Data supplied ▸
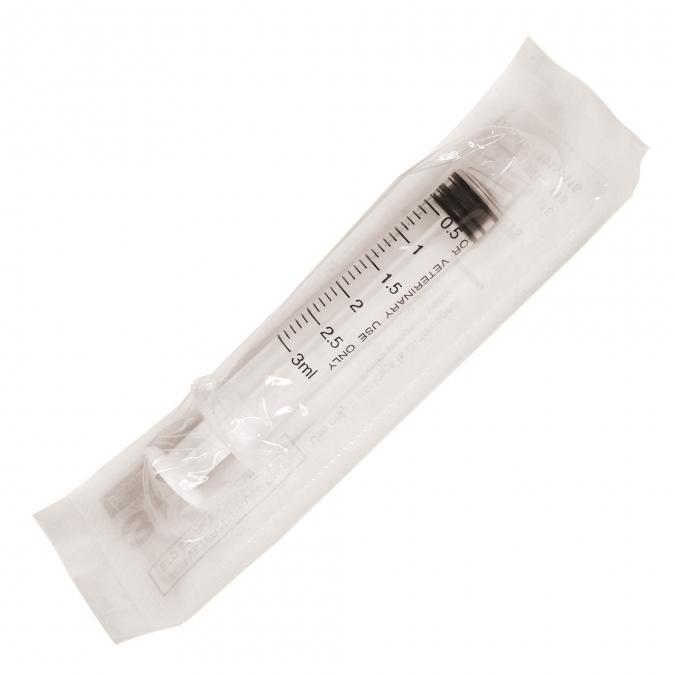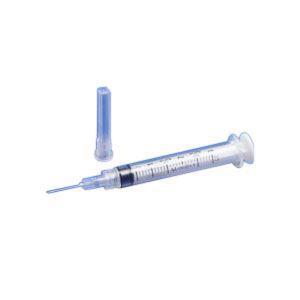The first image is the image on the left, the second image is the image on the right. For the images shown, is this caption "The combined images include a white wrapper and an upright blue lid behind a syringe with an exposed tip." true? Answer yes or no. Yes. The first image is the image on the left, the second image is the image on the right. Assess this claim about the two images: "A blue cap is next to at least 1 syringe with a needle.". Correct or not? Answer yes or no. Yes. 
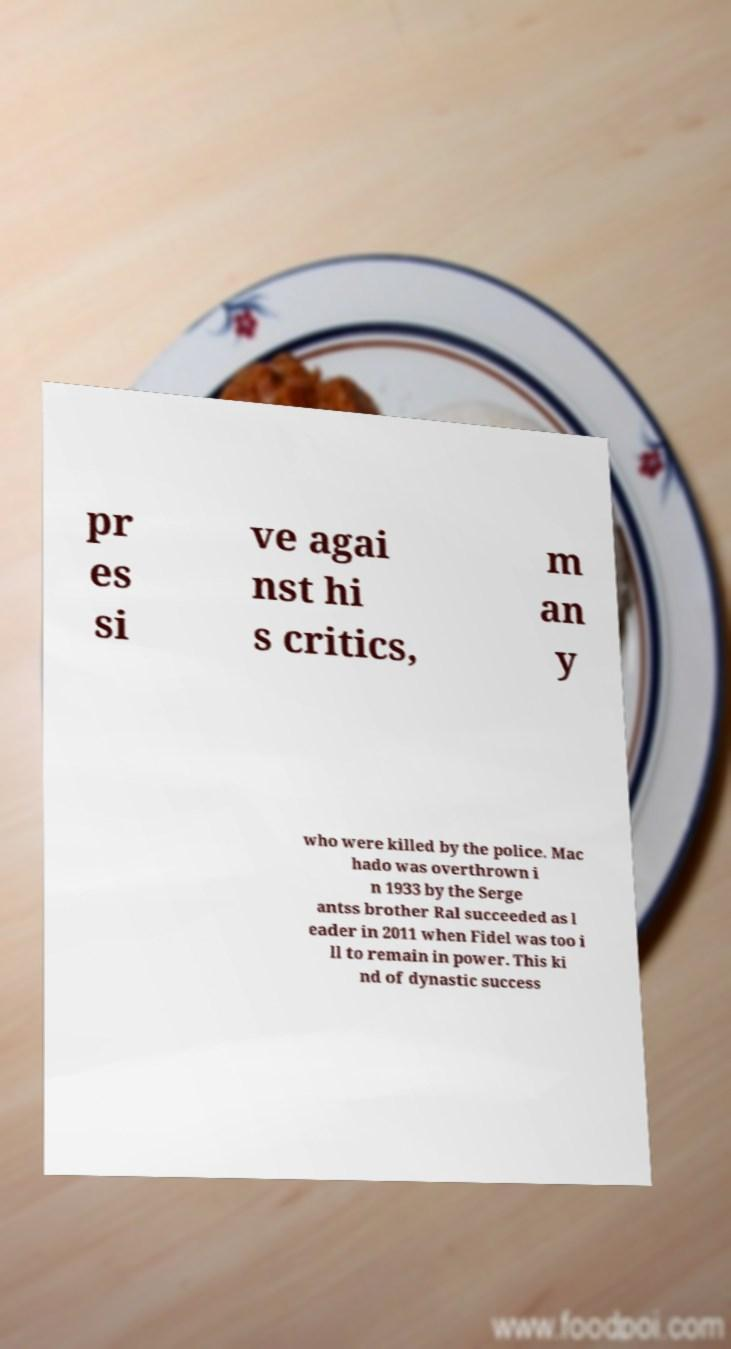Could you assist in decoding the text presented in this image and type it out clearly? pr es si ve agai nst hi s critics, m an y who were killed by the police. Mac hado was overthrown i n 1933 by the Serge antss brother Ral succeeded as l eader in 2011 when Fidel was too i ll to remain in power. This ki nd of dynastic success 
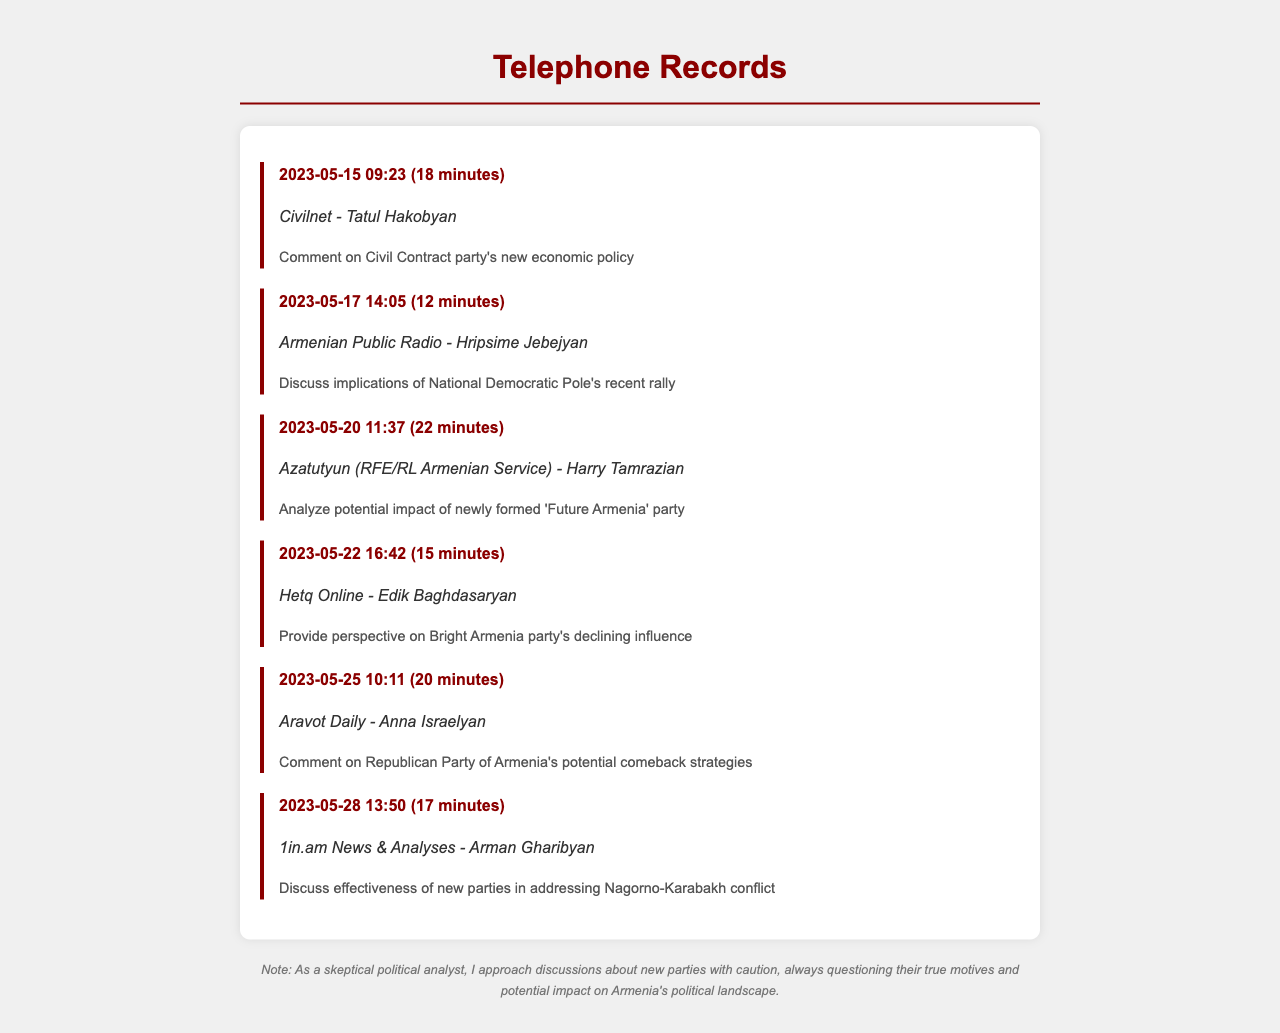what is the date of the call to Civilnet? The date of the call to Civilnet is recorded in the document as 2023-05-15.
Answer: 2023-05-15 who was the journalist contacted regarding Future Armenia party? The document lists Harry Tamrazian as the journalist contacted to analyze the Future Armenia party.
Answer: Harry Tamrazian how long was the call with Hripsime Jebejyan? The call duration is specified in the entry for Hripsime Jebejyan, which is 12 minutes.
Answer: 12 minutes what is the purpose of the call on May 28? The purpose of the call on May 28 is to discuss the effectiveness of new parties in addressing the Nagorno-Karabakh conflict.
Answer: Discuss effectiveness of new parties in addressing Nagorno-Karabakh conflict which media outlet did the analyst contact for commentary on Bright Armenia party? The entry mentions Hetq Online as the media outlet for commentary on Bright Armenia party.
Answer: Hetq Online which party's economic policy was discussed on May 15? The analyst commented on the Civil Contract party's new economic policy during the call on May 15.
Answer: Civil Contract party how many minutes was the conversation regarding Republican Party of Armenia? The document states that the conversation regarding the Republican Party of Armenia lasted 20 minutes.
Answer: 20 minutes what is the common theme in the calls on May 20 and May 22? Both calls relate to the situation and influence of specific Armenian political parties and their recent actions.
Answer: Political parties' influence who was the analyst’s contact for discussing the National Democratic Pole's rally? The document indicates that the contact for discussing the rally was Hripsime Jebejyan from Armenian Public Radio.
Answer: Hripsime Jebejyan 
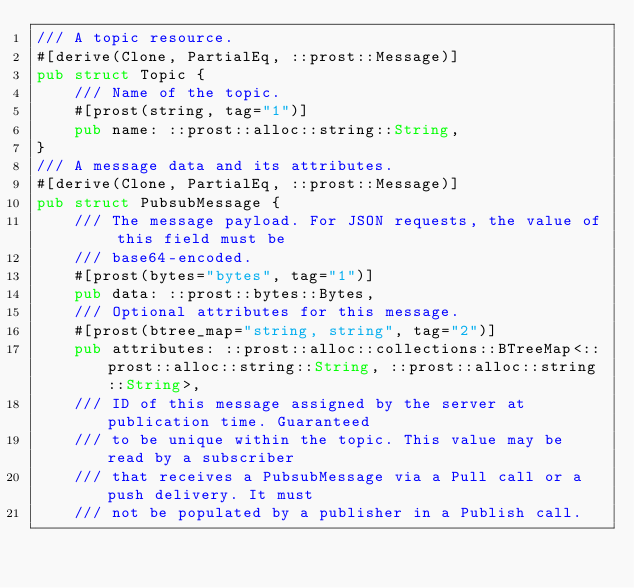<code> <loc_0><loc_0><loc_500><loc_500><_Rust_>/// A topic resource.
#[derive(Clone, PartialEq, ::prost::Message)]
pub struct Topic {
    /// Name of the topic.
    #[prost(string, tag="1")]
    pub name: ::prost::alloc::string::String,
}
/// A message data and its attributes.
#[derive(Clone, PartialEq, ::prost::Message)]
pub struct PubsubMessage {
    /// The message payload. For JSON requests, the value of this field must be
    /// base64-encoded.
    #[prost(bytes="bytes", tag="1")]
    pub data: ::prost::bytes::Bytes,
    /// Optional attributes for this message.
    #[prost(btree_map="string, string", tag="2")]
    pub attributes: ::prost::alloc::collections::BTreeMap<::prost::alloc::string::String, ::prost::alloc::string::String>,
    /// ID of this message assigned by the server at publication time. Guaranteed
    /// to be unique within the topic. This value may be read by a subscriber
    /// that receives a PubsubMessage via a Pull call or a push delivery. It must
    /// not be populated by a publisher in a Publish call.</code> 
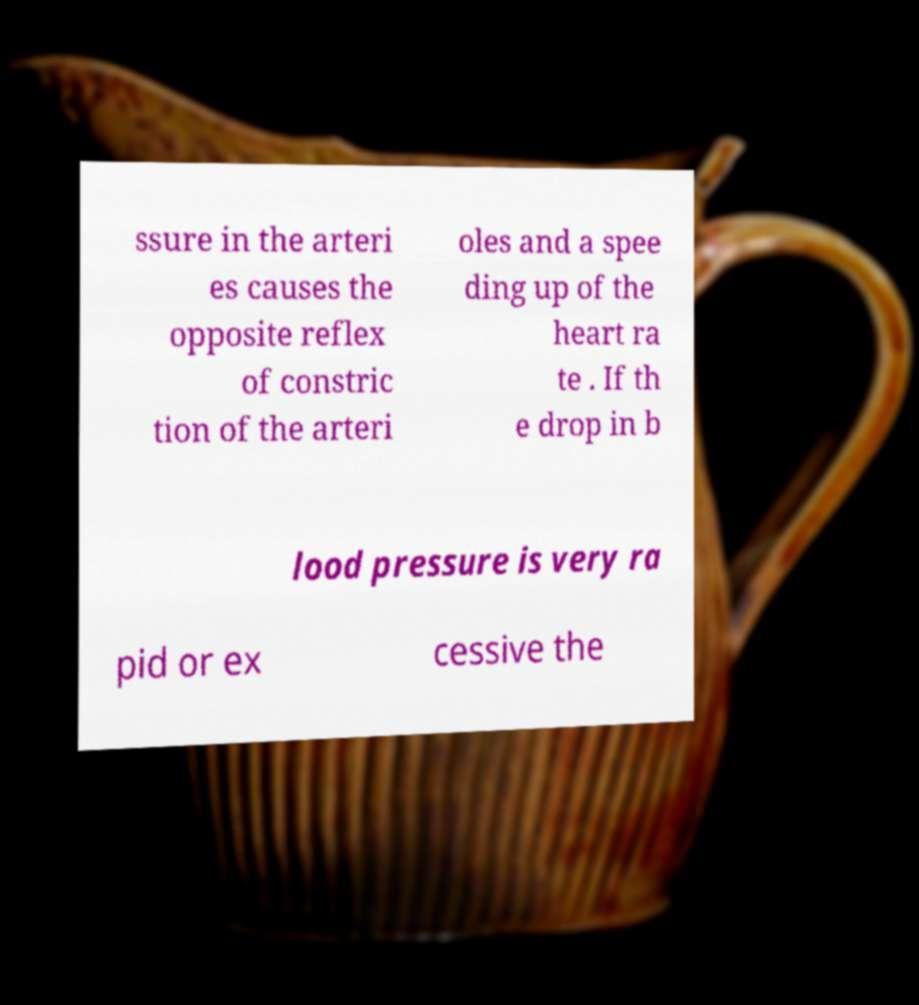Could you extract and type out the text from this image? ssure in the arteri es causes the opposite reflex of constric tion of the arteri oles and a spee ding up of the heart ra te . If th e drop in b lood pressure is very ra pid or ex cessive the 
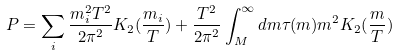Convert formula to latex. <formula><loc_0><loc_0><loc_500><loc_500>P = \sum _ { i } { \frac { m _ { i } ^ { 2 } T ^ { 2 } } { 2 \pi ^ { 2 } } } K _ { 2 } ( { \frac { m _ { i } } { T } } ) + { \frac { T ^ { 2 } } { 2 \pi ^ { 2 } } } \int _ { M } ^ { \infty } d m \tau ( m ) m ^ { 2 } K _ { 2 } ( { \frac { m } { T } } )</formula> 
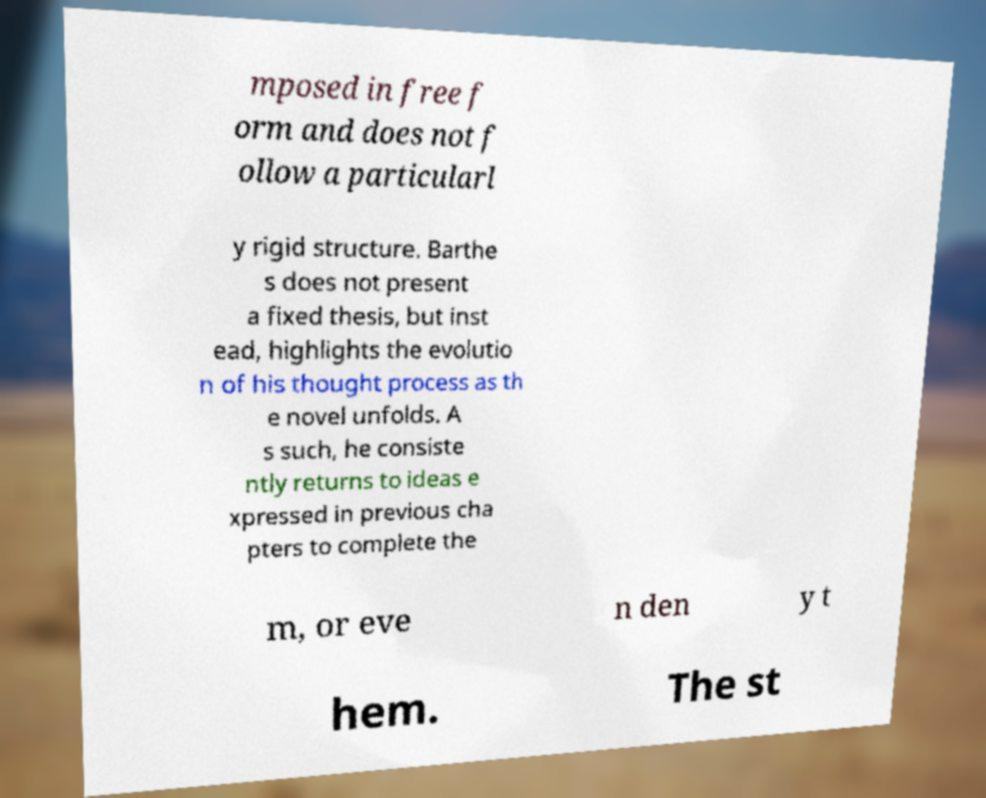I need the written content from this picture converted into text. Can you do that? mposed in free f orm and does not f ollow a particularl y rigid structure. Barthe s does not present a fixed thesis, but inst ead, highlights the evolutio n of his thought process as th e novel unfolds. A s such, he consiste ntly returns to ideas e xpressed in previous cha pters to complete the m, or eve n den y t hem. The st 
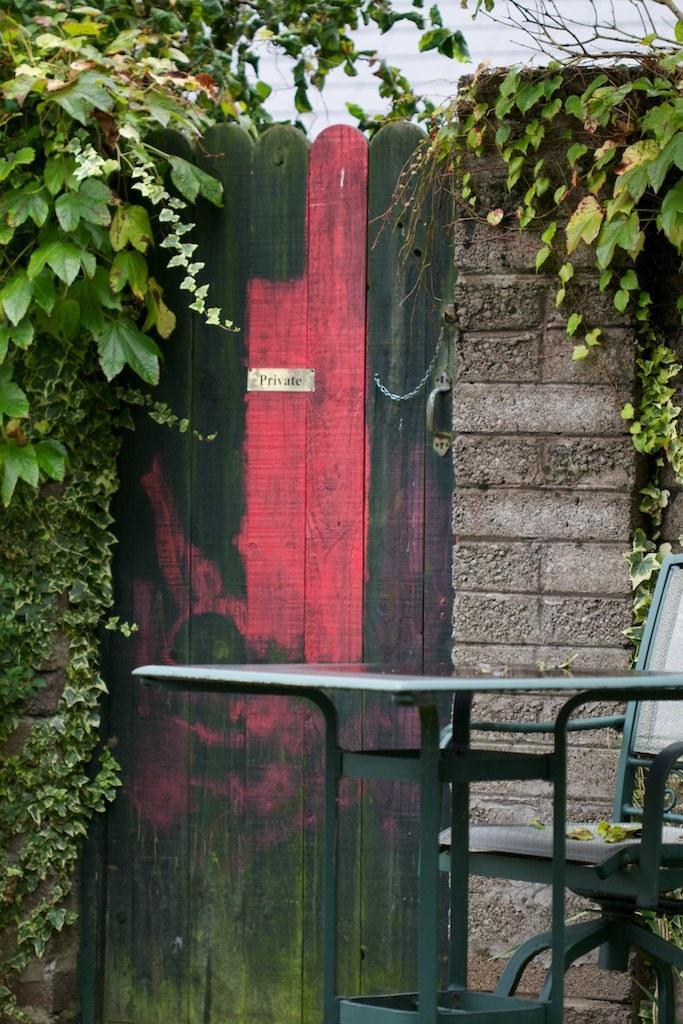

What is required ▸
Search the entries for the word "regarding" and gather every line where it appears.

Solution below ▸
Answer: 2023-05-15 who was the journalist contacted regarding Future Armenia party? The document lists Harry Tamrazian as the journalist contacted to analyze the Future Armenia party.
Answer: Civil Contract party how many minutes was the conversation regarding Republican Party of Armenia? The document states that the conversation regarding the Republican Party of Armenia lasted 20 minutes.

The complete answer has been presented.